All lines of the records below that contain the word "each" must be listed.

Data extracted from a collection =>
◆ ◆ ◆ ◆

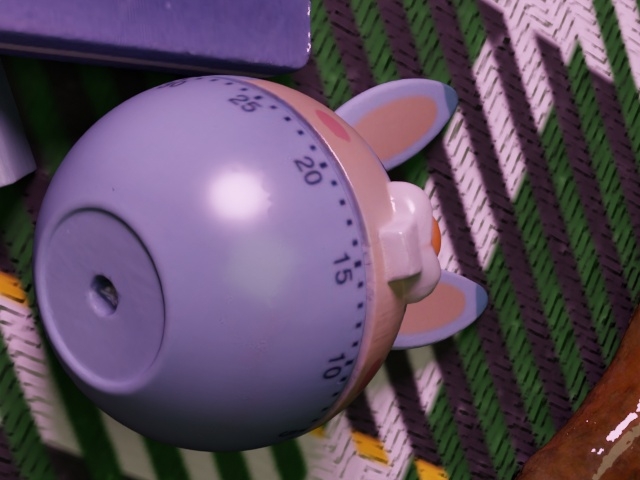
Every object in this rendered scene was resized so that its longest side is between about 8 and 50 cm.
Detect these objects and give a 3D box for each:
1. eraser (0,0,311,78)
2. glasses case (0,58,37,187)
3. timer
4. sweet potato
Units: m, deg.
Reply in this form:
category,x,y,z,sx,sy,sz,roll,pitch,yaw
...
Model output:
category,x,y,z,sx,sy,sz,roll,pitch,yaw
eraser,-0.095,-0.117,0.545,0.225,0.036,0.082,-1,85,-46
glasses case,-0.199,-0.140,0.520,0.105,0.056,0.266,-21,100,-25
timer,0.003,0.002,0.564,0.255,0.175,0.175,-10,95,-27
sweet potato,0.195,0.055,0.711,0.075,0.075,0.273,38,80,-22
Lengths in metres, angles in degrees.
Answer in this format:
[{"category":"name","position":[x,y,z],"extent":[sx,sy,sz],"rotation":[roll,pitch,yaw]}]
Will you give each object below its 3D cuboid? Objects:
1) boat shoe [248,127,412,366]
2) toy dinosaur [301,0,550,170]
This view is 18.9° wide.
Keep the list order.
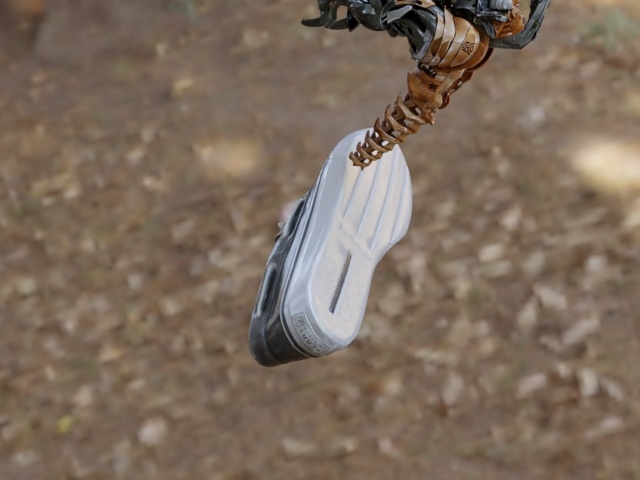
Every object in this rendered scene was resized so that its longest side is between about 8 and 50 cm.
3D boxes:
[{"category":"boat shoe","position":[0.000,0.000,2.013],"extent":[0.119,0.121,0.335],"rotation":[-21,26,33]},{"category":"toy dinosaur","position":[0.108,-0.230,1.932],"extent":[0.218,0.164,0.322],"rotation":[29,79,15]}]

◆ ◆ ◆ ◆

Exercise solution =>
Detect these objects and give a 3D box for each:
Will you give each object below its 3D cuboid? Objects:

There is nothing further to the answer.